A jury was not called, and the action was not set for trial; and on March 18th this proceeding was instituted to compel action. An alternative writ was issued, and the respondent court and judge by return thereto averred that the reason a jury had not been called and the cause set for trial was because of the failure of either of the parties to the action to comply with or observe Rule XXX of that court, which provides that no jury case shall be set for trial until after a pre-trial conference thereon has been had.
This court does not judicially know the rules of the district courts. Pincus v. Davis, 95 Mont. 375, 26 P.2d 986. But it is shown, by return of respondent, that at all the times material here there was in effect such Rule XXX of the court. The rule is made a part of the return and is as follows:
"From and after the date upon which this rule shall become effective, no civil action within which any party thereto shall be otherwise entitled to demand a trial upon any issue of fact before or by a jury shall be set for trial before or by a jury until a conference is had pursuant to the provisions of Section *Page 324 9327 of the Revised Codes of Montana, 1935, as amended by Chapter 61 of the Session Laws of the Twenty-sixth Legislative Assembly of the State of Montana (1939), and to the end that all such actions may be expeditiously disposed of, it is provided that whenever after issues are joined therein any party to any action falling within the purview of this rule shall desire a disposition of such action, he may file with the Clerk of the Court wherein such action may be pending a notice setting forth the title and number of the action with a request that said cause be set down for pre-trial conference upon all phases of said action which can be considered pursuant to the pre-trial Practice Act Amendment hereinbefore referred to.

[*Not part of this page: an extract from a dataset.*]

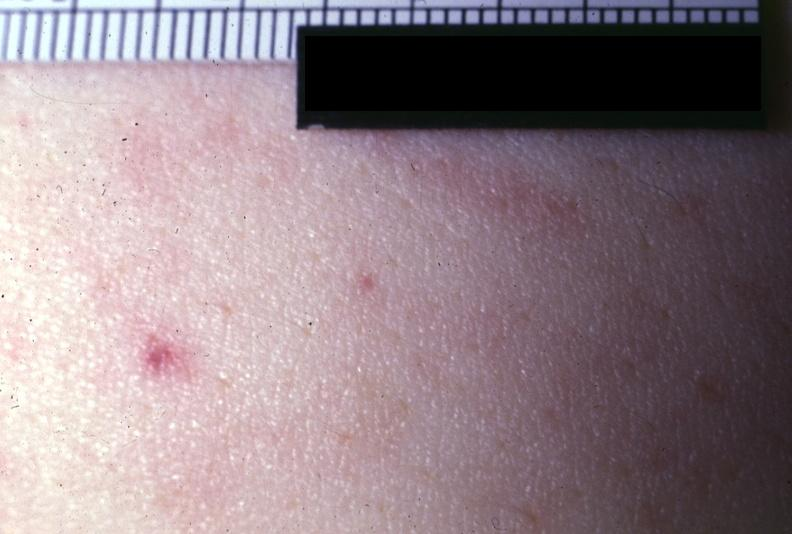what does this image show?
Answer the question using a single word or phrase. Close-up photo very good

At the next session of the Court after the filing of such request, the Clerk of the Court wherein the request is filed shall present the same to the Court and the case shall be immediately set for such pre-trial conference at a date which, in the absence of agreement between the parties with the consent of the Court for an earlier date, shall not be less than two weeks from the date upon which the setting shall be made."

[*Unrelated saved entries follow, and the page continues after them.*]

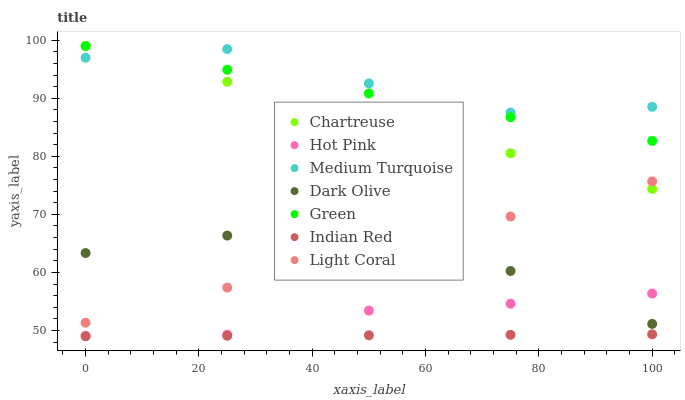Does Indian Red have the minimum area under the curve?
Answer yes or no. Yes. Does Medium Turquoise have the maximum area under the curve?
Answer yes or no. Yes. Does Dark Olive have the minimum area under the curve?
Answer yes or no. No. Does Dark Olive have the maximum area under the curve?
Answer yes or no. No. Is Indian Red the smoothest?
Answer yes or no. Yes. Is Medium Turquoise the roughest?
Answer yes or no. Yes. Is Dark Olive the smoothest?
Answer yes or no. No. Is Dark Olive the roughest?
Answer yes or no. No. Does Indian Red have the lowest value?
Answer yes or no. Yes. Does Dark Olive have the lowest value?
Answer yes or no. No. Does Green have the highest value?
Answer yes or no. Yes. Does Medium Turquoise have the highest value?
Answer yes or no. No. Is Hot Pink less than Green?
Answer yes or no. Yes. Is Green greater than Light Coral?
Answer yes or no. Yes. Does Light Coral intersect Dark Olive?
Answer yes or no. Yes. Is Light Coral less than Dark Olive?
Answer yes or no. No. Is Light Coral greater than Dark Olive?
Answer yes or no. No. Does Hot Pink intersect Green?
Answer yes or no. No. 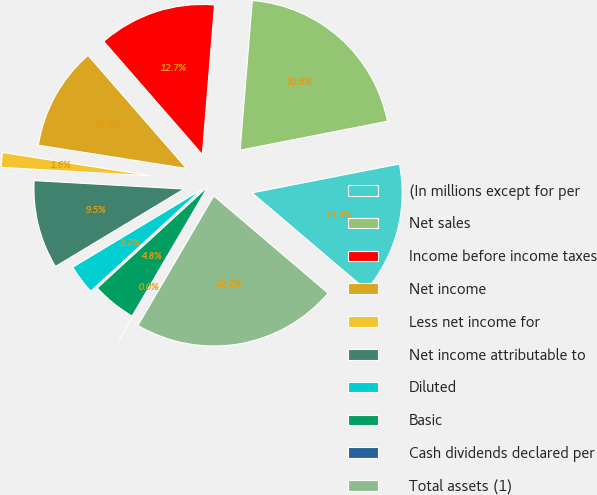Convert chart. <chart><loc_0><loc_0><loc_500><loc_500><pie_chart><fcel>(In millions except for per<fcel>Net sales<fcel>Income before income taxes<fcel>Net income<fcel>Less net income for<fcel>Net income attributable to<fcel>Diluted<fcel>Basic<fcel>Cash dividends declared per<fcel>Total assets (1)<nl><fcel>14.29%<fcel>20.63%<fcel>12.7%<fcel>11.11%<fcel>1.59%<fcel>9.52%<fcel>3.18%<fcel>4.76%<fcel>0.0%<fcel>22.22%<nl></chart> 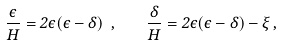<formula> <loc_0><loc_0><loc_500><loc_500>\frac { \dot { \epsilon } } { H } = 2 \epsilon ( \epsilon - \delta ) \ , \quad \frac { \dot { \delta } } { H } = 2 \epsilon ( \epsilon - \delta ) - \xi \, ,</formula> 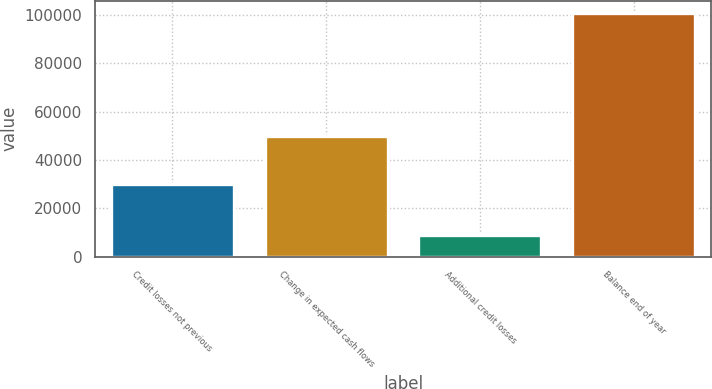<chart> <loc_0><loc_0><loc_500><loc_500><bar_chart><fcel>Credit losses not previous<fcel>Change in expected cash flows<fcel>Additional credit losses<fcel>Balance end of year<nl><fcel>30215<fcel>49802<fcel>8924<fcel>100838<nl></chart> 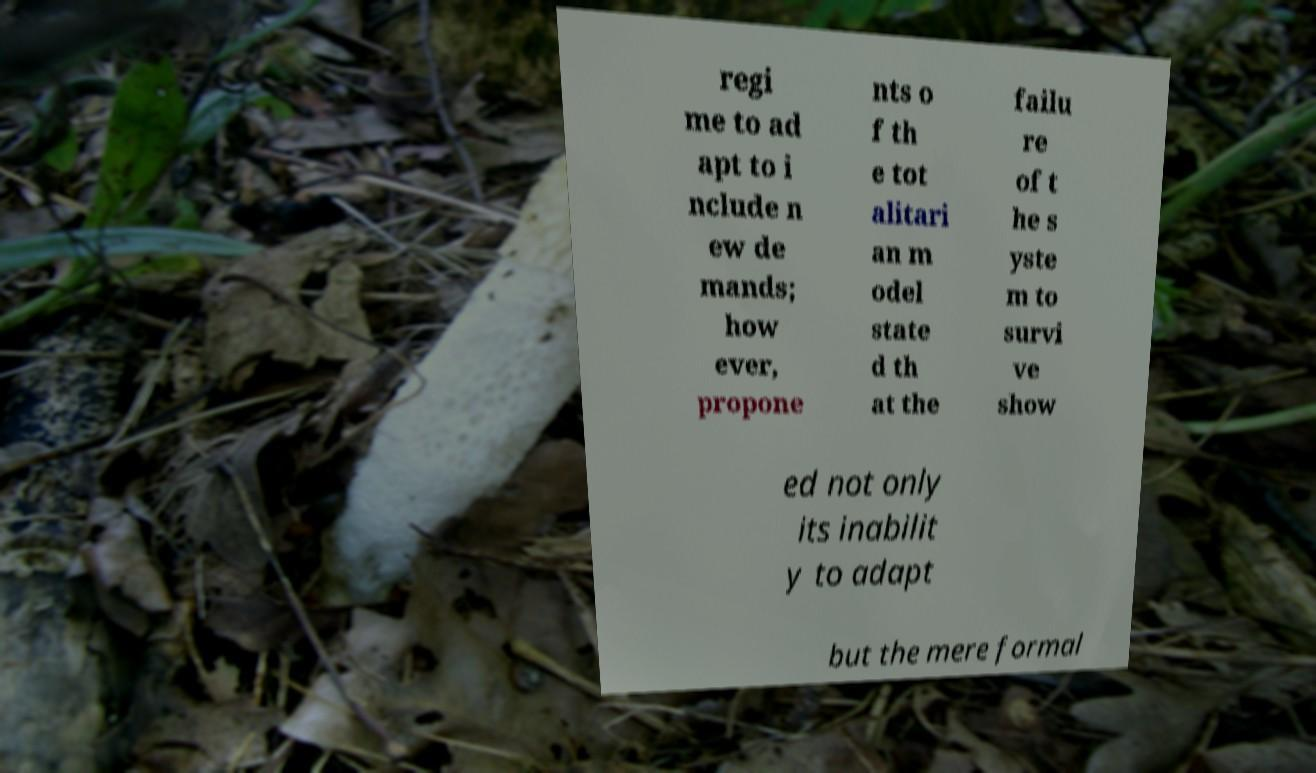For documentation purposes, I need the text within this image transcribed. Could you provide that? regi me to ad apt to i nclude n ew de mands; how ever, propone nts o f th e tot alitari an m odel state d th at the failu re of t he s yste m to survi ve show ed not only its inabilit y to adapt but the mere formal

This rule is made pursuant to the authority of section 9327, Revised Codes of Montana, 1935, as amended by Chapter 61, Laws of 1939. The relatrix asserts the rule is not in conformity with the statute permitting its adoption. That portion of the statute pertinent to the issue reads:
"In any action, the court may in its discretion direct the attorneys for the parties to appear before it for a conference to consider:
"(1) The simplification of the issues;
"(2) The necessity or desirability of amendments to the pleadings;
"(3) The possibility of obtaining admissions of fact and of documents which will avoid unnecessary proof;
"(4) The limitation of the number of expert witnesses;
"(5) The advisability of a preliminary reference of issues *Page 325 to a referee for findings to be used as evidence when the trial is to be by jury;
"(6) Such other matters as may aid in the disposition of the action.

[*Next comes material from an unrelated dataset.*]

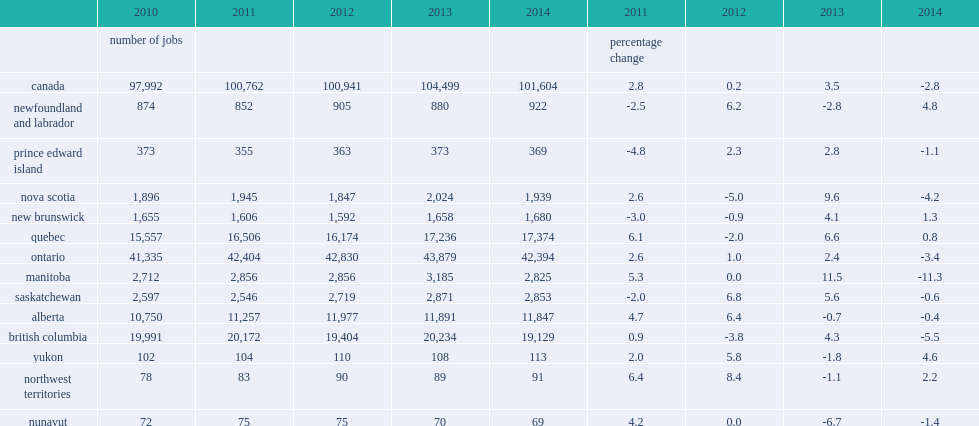What was the percentage of sport jobs declined in canada in 2014? 2.8. Sport jobs declined 2.8% in canada in 2014, what was the percentage of job losses in ontario? -3.4. Sport jobs declined 2.8% in canada in 2014, what was the percentage of job losses in british columbia? -5.5. What was the percentage of sport jobs in newfoundland and labrador rose in 2014? 4.8. What was the percentage of sport jobs in newfoundland and labrador declined in 2013? 2.8. What was the percentage of sport jobs in prince edward island in 2014? 1.1. What was the percentage of sport jobs in prince edward island in 2013? 2.8. What was the percentage of sport jobs in nova scotia in 2014? 4.2. What was the percentage of sport jobs in nova scotia increased in 2013? 9.6. What was the percentage of sport jobs in nova scotia increased in 2014? 1.3. What was the percentage of sport jobs in nova scotia increased in 2013? 4.1. What was the percentage of sport jobs in quebec increased in 2014? 0.8. What was the percentage of sport jobs in quebec increased in 2013? 6.6. What was the percentage of sport jobs in ontario decreased in 2014? 3.4. What was the percentage of sport jobs in ontario increased in 2013? 2.4. What was the percentage of sport jobs in ontario fell in 2014? 11.3. What was the percentage of sport jobs in manitoba increased in 2013? 11.5. What was the percentage of sport jobs in saskatchewan fell in 2014? 0.6. What was the percentage of sport jobs in saskatchewan increased in 2013? 5.6. What was the percentage of sport jobs in saskatchewan declined in 2014? 0.4. What was the percentage of sport jobs in saskatchewan declined in 2013? 0.7. What was the percentage of sport jobs in british columbia declined in 2014? 5.5. What was the percentage of sport jobs in british columbia increased in 2013? 4.3. What was the percentage of sport jobs in british columbia increased in 2014? 4.6. What was the percentage of sport jobs in yukon declined in 2013? 1.8. What was the percentage of sport jobs in northwest territories increased in 2014? 2.2. What was the percentage of sport jobs in northwest territories decreased in 2013? 1.1. What was the percentage of sport jobs in nunavut increased in 2014? 1.4. What was the percentage of sport jobs in nunavut decreased in 2013? 6.7. 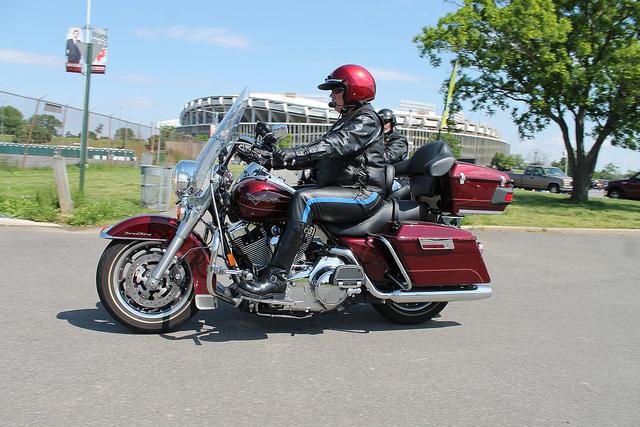Does the helmet have a microphone?
Quick response, please. Yes. Is there a stadium nearby?
Keep it brief. Yes. Is the motorcycle kidnapping the man?
Concise answer only. No. How many crotch rockets are in this picture?
Answer briefly. 0.

"The court may make an order which recites the action taken at the conference, the amendments allowed to the pleadings, and the agreements made by the parties as to any of the matters considered, and which limits the issues for trial to those not disposed of by admissions or agreements of counsel; and such order when entered controls the subsequent course of the action, unless modified at the trial to prevent manifest injustice. The court in its discretion may establish by rule a pre-trial calendar on which actions may be placed for consideration as above provided and may either confine the calendar to jury actions or to non-jury actions or extend it to all actions."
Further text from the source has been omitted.